1203P - Prognostic model for progression free survival in patients with locally advanced non-small cell lung cancer treated with concurrent chemoradiation

Date 29 September 2012
Event ESMO Congress 2012
Session Poster presentation I
Topics Cytotoxic agents
Surgical oncology
Non-small-cell lung cancer
Biological therapy
Radiation oncology
Presenter wilma Uyterlinde
Authors W. Uyterlinde1, A.D. Vincent2, J. Belderbos3, T. Korse4, P. Baas5, M. van den Heuvel6
  • 1Thoracic Oncology, nki-avl, 1066cx - amsterdam/NL
  • 2Biometrics, Antoni van Leeuwenhoek Hospital, Amsterdam/NL
  • 3Radiation Oncology, Netherlands Cancer Institute, Amsterdam/NL
  • 4Clinical Chemistry, nki-avl, 1066cx - amsterdam/NL
  • 5nki-avl, amsterdam/NL
  • 6Thoracic Oncology, nki-avl, amsterdam/NL



A prediction model for progression free survival (PFS) in patients with non-small cell lung cancer (NSCLC) and treated with concurrent chemoradiation (CCRT), would help optimizing customized treatment planning. We analysed several patient factors related to PFS in patients with medically inoperable stage II and III treated with CCRT.

Patients & methods

Consecutive patients with locally advanced NSCLC treated with CCRT between 2008 and 2011 were included. Treatment consisted of intensity modulated radiotherapy up to 66 Gy (24 x 2.75Gy), and concurrent daily low dose cisplatin (6mg/m2). Age, gender, performance status, weight loss, TNM, tumor volume, involved lymph nodes, histology, metabolic activity of the primary (SUVmax), and a series of lab values including CYFRA, CEA, CA125, SCC, NSE, MT, Leukocytes, Neutrophils, HB, LD and platelets, were assessed before the start of treatment. All patients had a response evaluation by PET-CT scan six weeks after treatment followed by three-monthly X-rays or CT-scans. PFS was defined as the time from start of treatment until progression or death of any cause. Kruskal-Wallis and spearman correlation tests were used to assess associations between factors. Univariate, multivariate Cox proportional hazard models were used to identify high and low risk groups [Fig], defined using linear predictor tertiles.
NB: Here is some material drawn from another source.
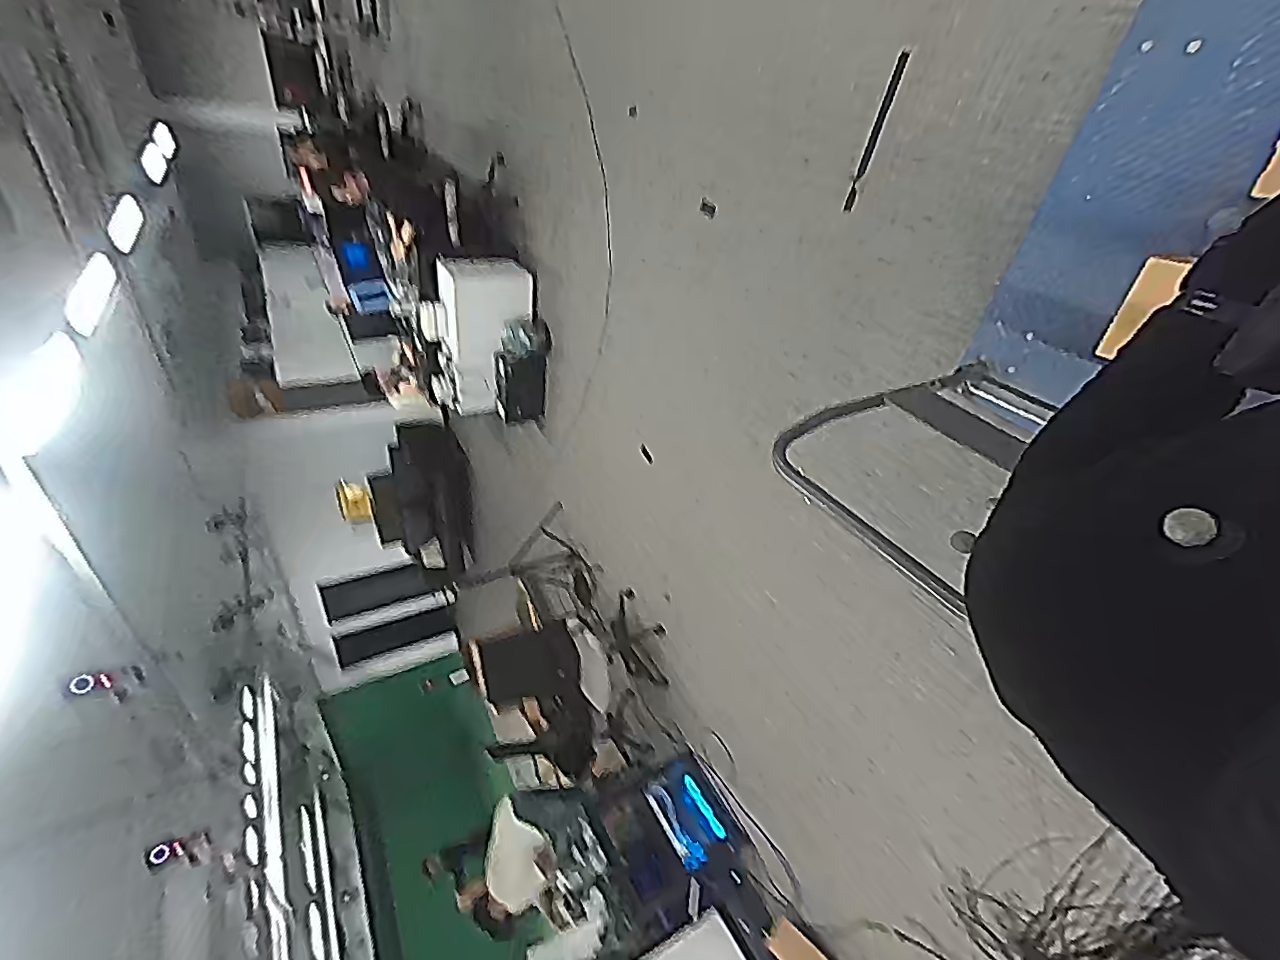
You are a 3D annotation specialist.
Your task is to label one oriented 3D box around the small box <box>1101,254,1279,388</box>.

Out of the 230 patients, 227 were eligible for analysis. With a median FU of 23 months the median PFS was 15 months (95% CI 12-21 months), and a 2 years overall survival of 55% (95% CI 48%-64%). At the time of analysis 134 PFS events had occurred. The primary factors associated with PFS were tumor volume and SCC, with the pairwise interactions between SCC and both gender and histology also being potentially important. A full Cox regression model including the interactions and a reduced model only including only SCC and tumor volume were constructed. In both models a difference in PFS at 24 months of roughly 40% was observed between the high-and low risk groups.


A model prognostic for PFS using SCC and tumor volume, was developed that identified stage II-III patients at high risk for progressive disease after CCRT. Validation of this model is ongoing.


All authors have declared no conflicts of interest.